Dia estranho aquele em que as pessoas que eu não costumava ver, agora que tanto precisava de as ver, não as via!
Tudo se estava a complicar. A dor no peito voltara com mais força, e eu ali abandonado no corredor do hospital com gente de ar limpo, estranhamente, a cheirar a morte. Não era habitual, não era a primeira vez que lá ia. O meu vizinho da maca ao lado explicou-me o que se estava a passar: “As senhoras da limpeza, os cozinheiros, o pessoal que metia a mão na massa, não veio trabalhar.” Perguntei: porquê? Ele disse-me que quem fazia esses trabalhos eram imigrantes e que tinham saído de Portugal durante a noite, numa ação combinada pelo WhatsApp, porque não aguentavam mais o racismo e a xenofobia dos portugueses. A brincar, para aliviar a tensão, disse: “Lá se foi a mão-de-obra para o novo aeroporto”. Mas a dor no peito não tinha intensões de dar tréguas, antes de desmaiar novamente, num tom sério, murmurei: “Agora estamos entregues à bicharada”. Acordei noutro local do hospital. O médico, ao meu lado, pediu-me desculpa pela demora e explicou-me que estava a trabalhar há 12 horas seguidas. Surpreendeu-me tanta compaixão, vindo de alguém que eu conhecia pela sua altivez, dentro e fora do hospital. Quando estamos prestes a morrer, mostramos, sem pudor, como somos frágeis e humanos, como qualquer outra pessoa. Nessas horas somos todos amigos, sinceros e emotivos. Apercebi-me que o fim estava a chegar, uns por doença outros por cansaço.
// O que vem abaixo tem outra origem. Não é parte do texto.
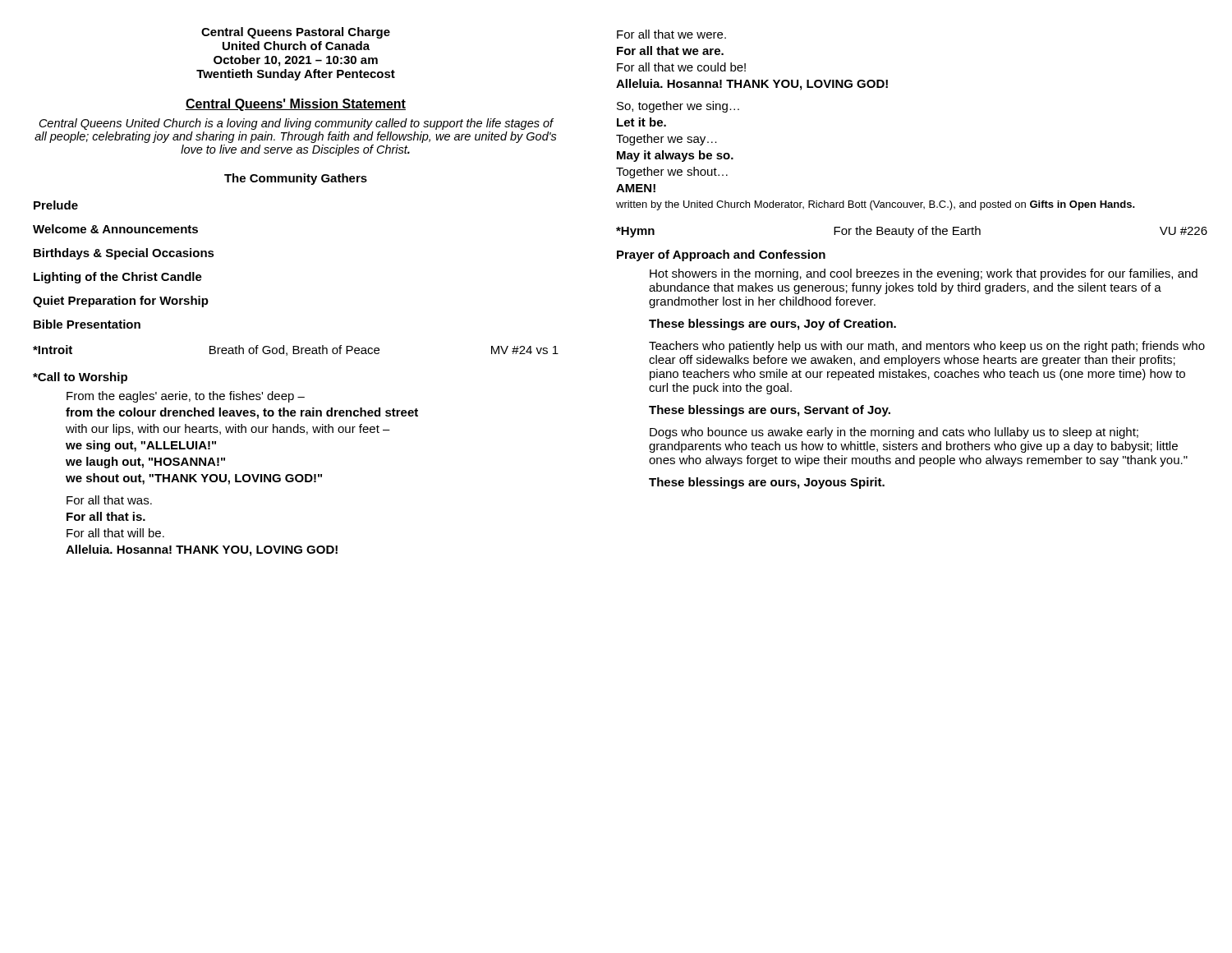Point to the block beginning "Teachers who patiently"
The width and height of the screenshot is (1232, 953).
(x=927, y=366)
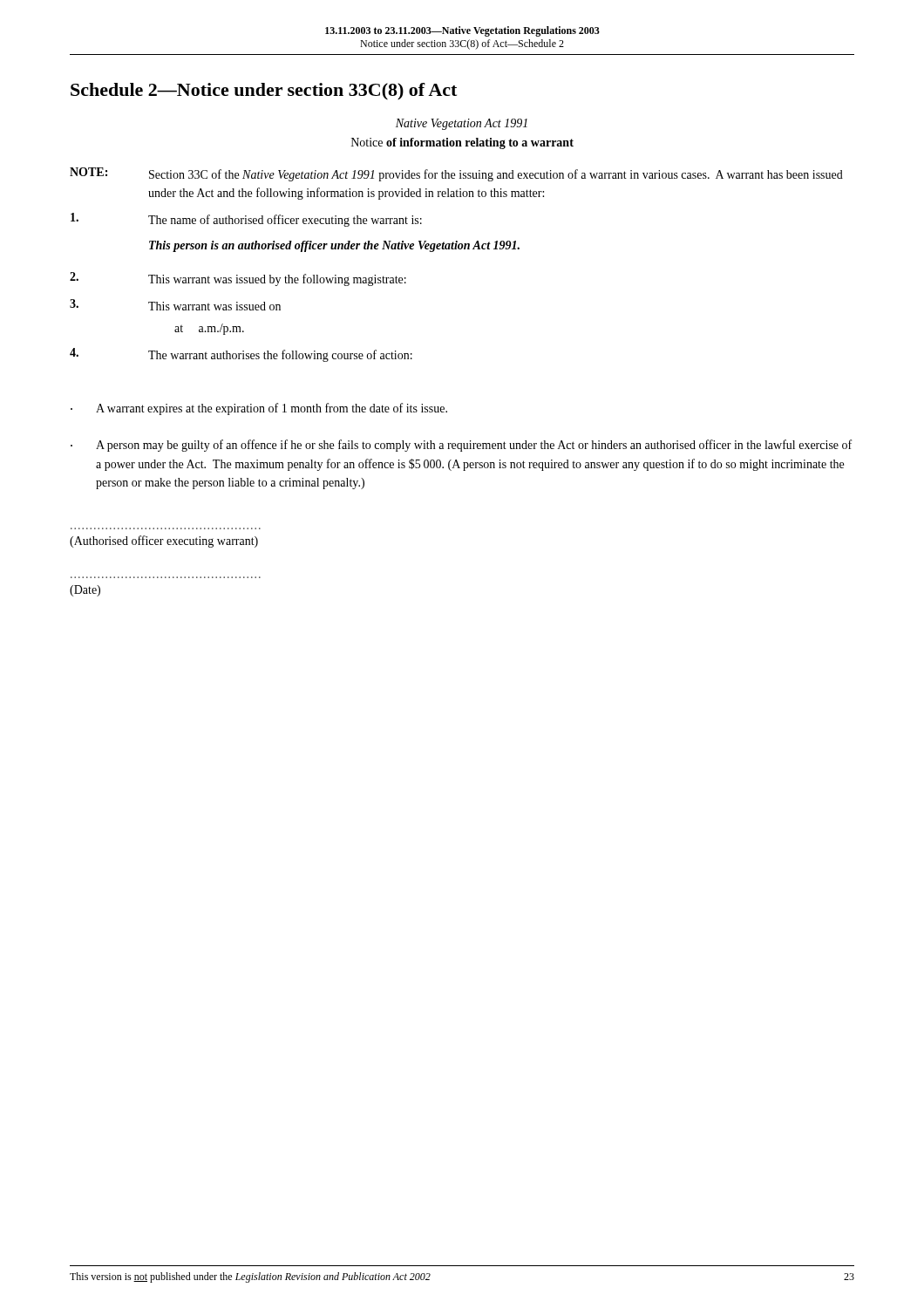Where is the passage that starts "3. This warrant was issued on at"?
Screen dimensions: 1308x924
[175, 305]

Perguntei: “Vou morrer, doutor?” Ele respondeu: “Vamos todos. Só Deus sabe quando”. Retorqui: “E o que fizemos para sermos surpreendidos por este colapso?”. Ele suspirou e respondeu: “Não valorizamos os invisíveis, e Deus castigou-nos”. “Castigou-nos?”, insisti. Ele continuou: “Sim, porque lhe viramos as costas”.
Naquele momento, percebi. O castigo não era divino, mas fruto da nossa própria cegueira, da nossa incapacidade de valorizar aqueles que fazem o mundo girar sem se fazer notar. Aqueles que sempre estiveram presentes nas nossas vidas, mas que nunca vimos, estavam agora ausentes. E nós – um povo de imigrantes para quem nos recebeu e recebe – sem eles, estávamos a pagar o preço da nossa falta de memória e da nossa ingratidão!